Give all of the records again precisely, excluding whatever pictures they contain.

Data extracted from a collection
************

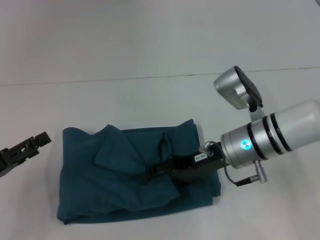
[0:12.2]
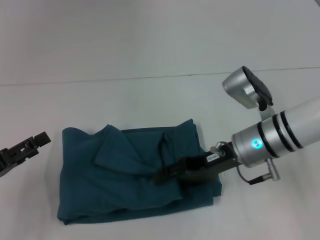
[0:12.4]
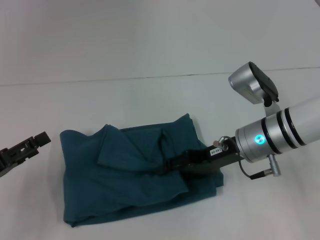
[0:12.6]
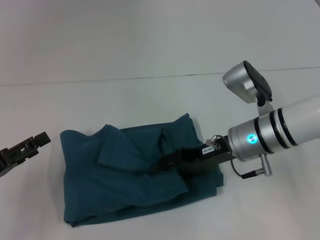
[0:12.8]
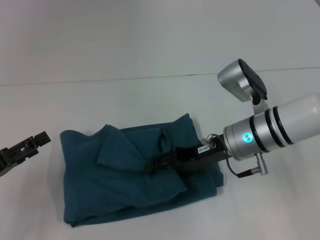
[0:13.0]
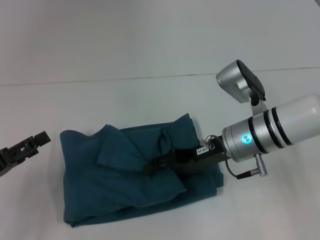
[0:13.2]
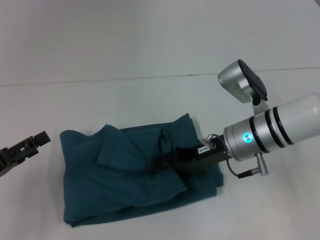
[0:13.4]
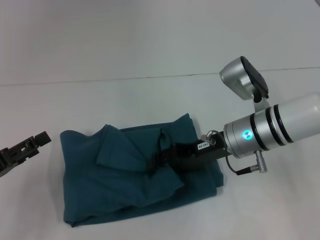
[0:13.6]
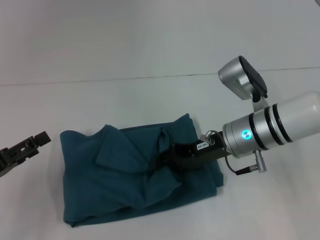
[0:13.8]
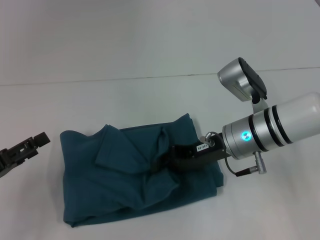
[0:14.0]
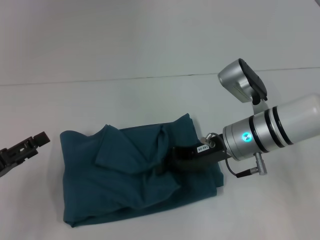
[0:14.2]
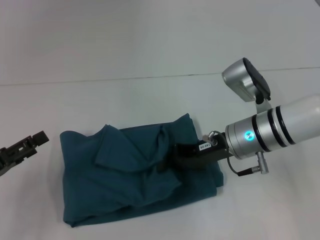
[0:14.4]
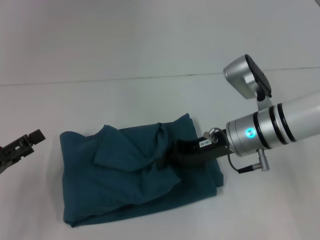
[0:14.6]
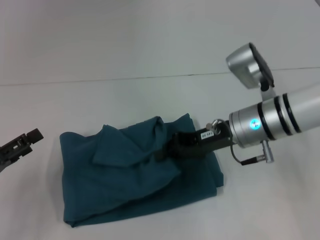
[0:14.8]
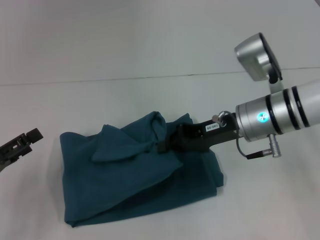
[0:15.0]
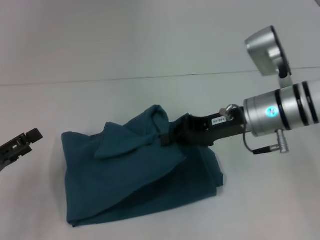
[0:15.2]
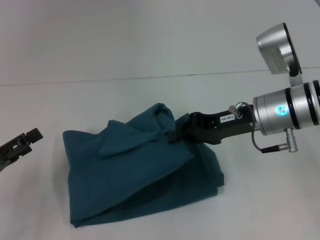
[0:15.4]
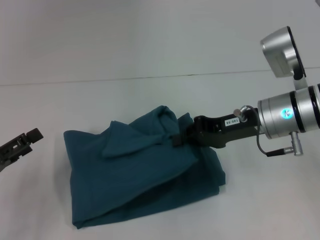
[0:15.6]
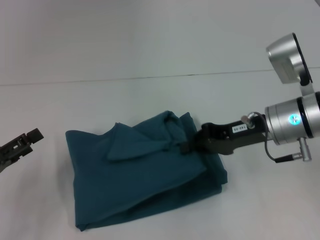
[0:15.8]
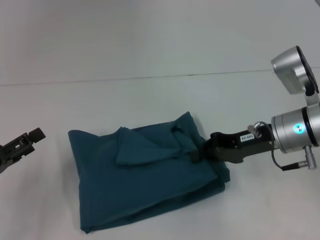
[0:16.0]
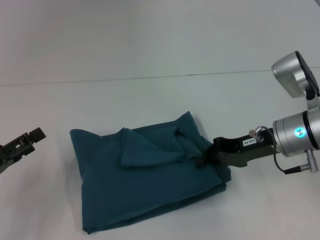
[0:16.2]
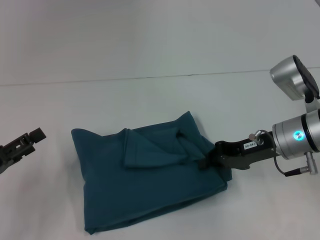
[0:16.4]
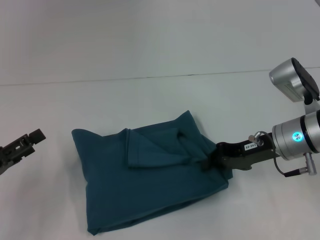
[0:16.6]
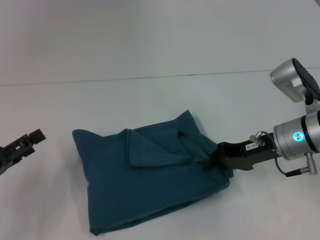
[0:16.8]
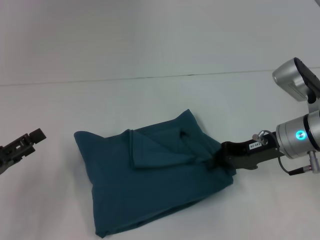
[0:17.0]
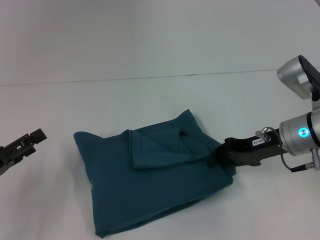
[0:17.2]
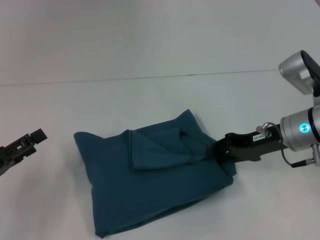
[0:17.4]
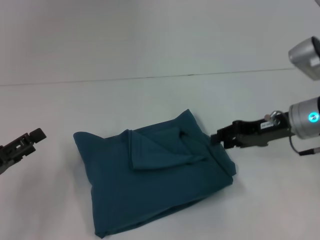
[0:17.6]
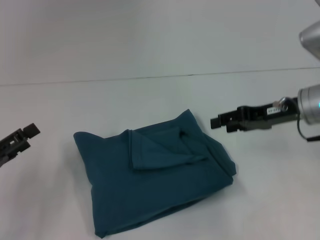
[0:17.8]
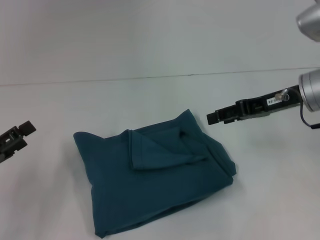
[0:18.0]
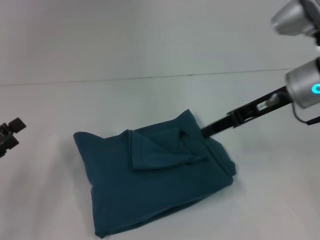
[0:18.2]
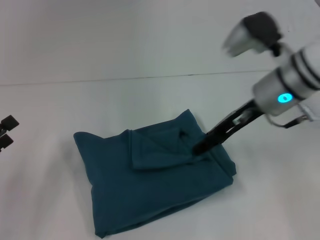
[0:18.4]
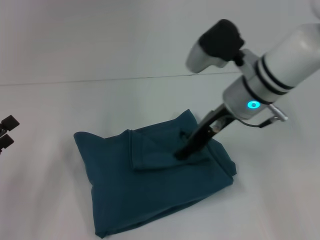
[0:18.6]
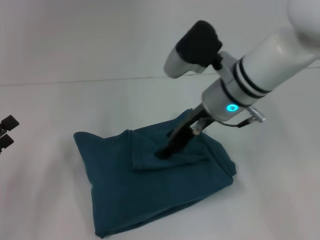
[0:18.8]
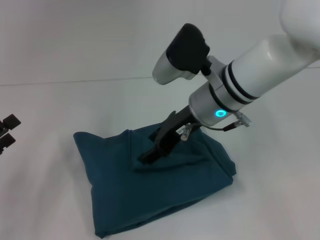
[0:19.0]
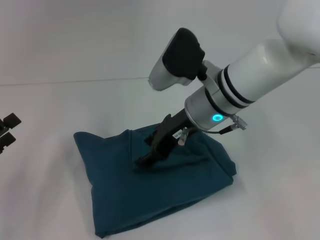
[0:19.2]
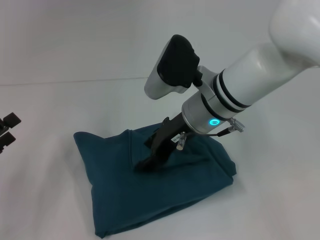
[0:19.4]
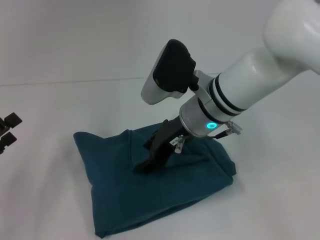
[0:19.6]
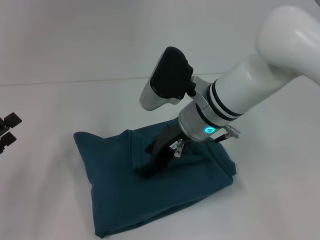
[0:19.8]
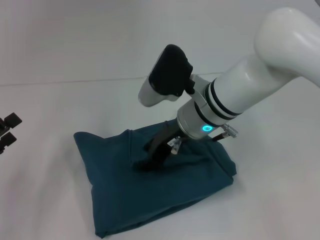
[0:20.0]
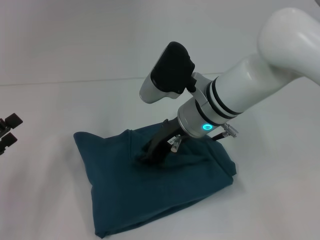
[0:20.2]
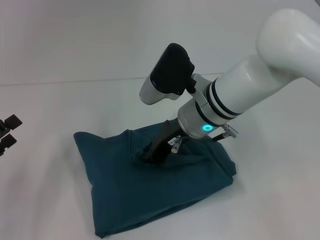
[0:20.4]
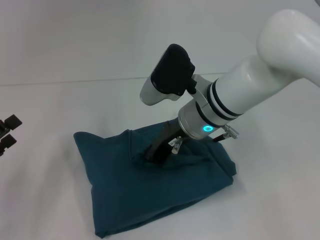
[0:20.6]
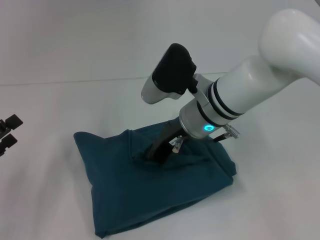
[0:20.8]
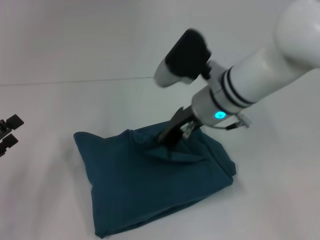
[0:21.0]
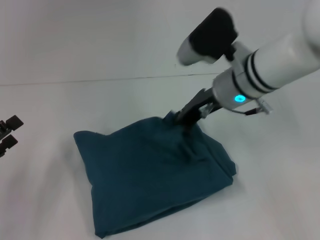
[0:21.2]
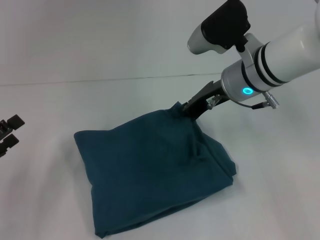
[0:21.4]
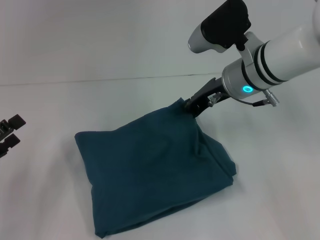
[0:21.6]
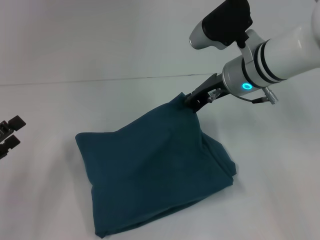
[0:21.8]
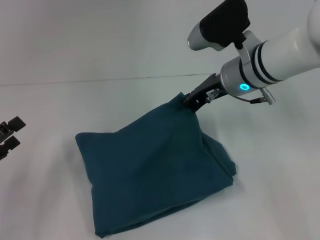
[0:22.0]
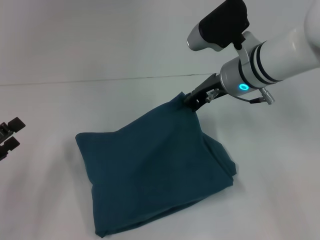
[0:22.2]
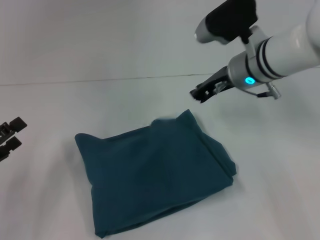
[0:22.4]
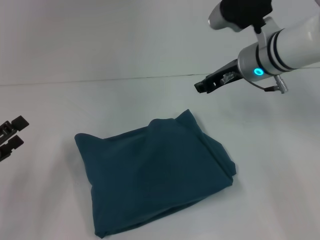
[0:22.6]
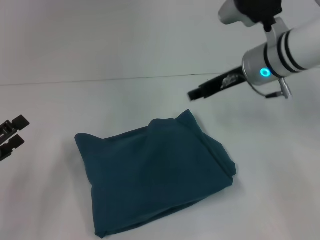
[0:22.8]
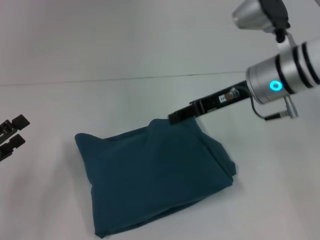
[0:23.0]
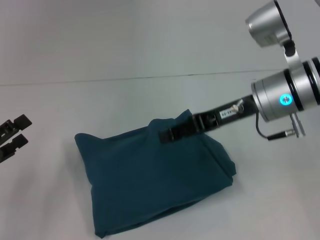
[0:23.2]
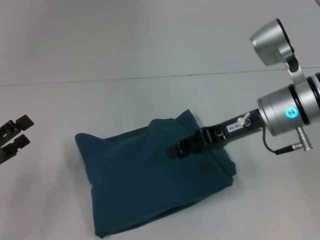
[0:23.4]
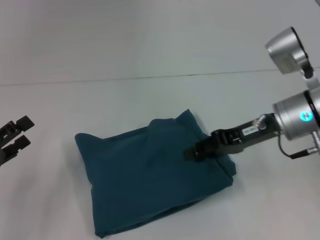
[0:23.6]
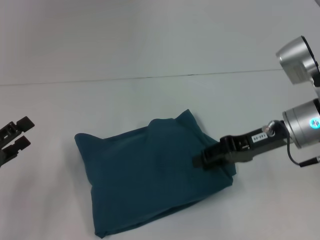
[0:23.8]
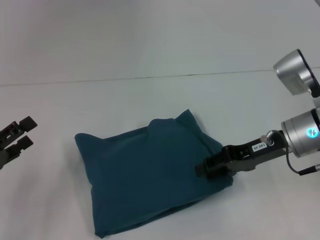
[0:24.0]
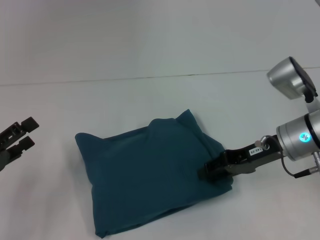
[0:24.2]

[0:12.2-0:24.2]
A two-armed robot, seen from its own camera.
0:12.2 to 0:13.8: The grippers stay close to where they were, moving slightly.
0:13.8 to 0:15.2: The right gripper closes up.
0:15.2 to 0:16.6: The right gripper changes place by some 5 cm.
0:16.6 to 0:18.2: The right gripper is displaced upward by about 10 cm, and opens up.
0:18.2 to 0:19.8: The right gripper goes about 15 cm to the left.
0:19.8 to 0:21.2: The right gripper is displaced to the right by some 5 cm, and closes.
0:21.2 to 0:22.6: The right gripper shifts by some 5 cm.
0:22.6 to 0:24.2: The right gripper is displaced backward, downward and to the right by about 10 cm.

************

→ **ANSWER BOX**
[0:12.2]
[0:12.4]
[0:12.6]
[0:12.8]
[0:13.0]
[0:13.2]
[0:13.4]
[0:13.6]
[0:13.8]
[0:14.0]
[0:14.2]
[0:14.4]
[0:14.6]
[0:14.8]
[0:15.0]
[0:15.2]
[0:15.4]
[0:15.6]
[0:15.8]
[0:16.0]
[0:16.2]
[0:16.4]
[0:16.6]
[0:16.8]
[0:17.0]
[0:17.2]
[0:17.4]
[0:17.6]
[0:17.8]
[0:18.0]
[0:18.2]
[0:18.4]
[0:18.6]
[0:18.8]
[0:19.0]
[0:19.2]
[0:19.4]
[0:19.6]
[0:19.8]
[0:20.0]
[0:20.2]
[0:20.4]
[0:20.6]
[0:20.8]
[0:21.0]
[0:21.2]
[0:21.4]
[0:21.6]
[0:21.8]
[0:22.0]
[0:22.2]
[0:22.4]
[0:22.6]
[0:22.8]
[0:23.0]
[0:23.2]
[0:23.4]
[0:23.6]
[0:23.8]
[0:24.0]
[0:24.2]

[0:12.2-0:24.2]
A two-armed robot, seen from its own camera.
0:12.2 to 0:13.8: The grippers stay close to where they were, moving slightly.
0:13.8 to 0:15.2: The right gripper closes up.
0:15.2 to 0:16.6: The right gripper changes place by some 5 cm.
0:16.6 to 0:18.2: The right gripper is displaced upward by about 10 cm, and opens up.
0:18.2 to 0:19.8: The right gripper goes about 15 cm to the left.
0:19.8 to 0:21.2: The right gripper is displaced to the right by some 5 cm, and closes.
0:21.2 to 0:22.6: The right gripper shifts by some 5 cm.
0:22.6 to 0:24.2: The right gripper is displaced backward, downward and to the right by about 10 cm.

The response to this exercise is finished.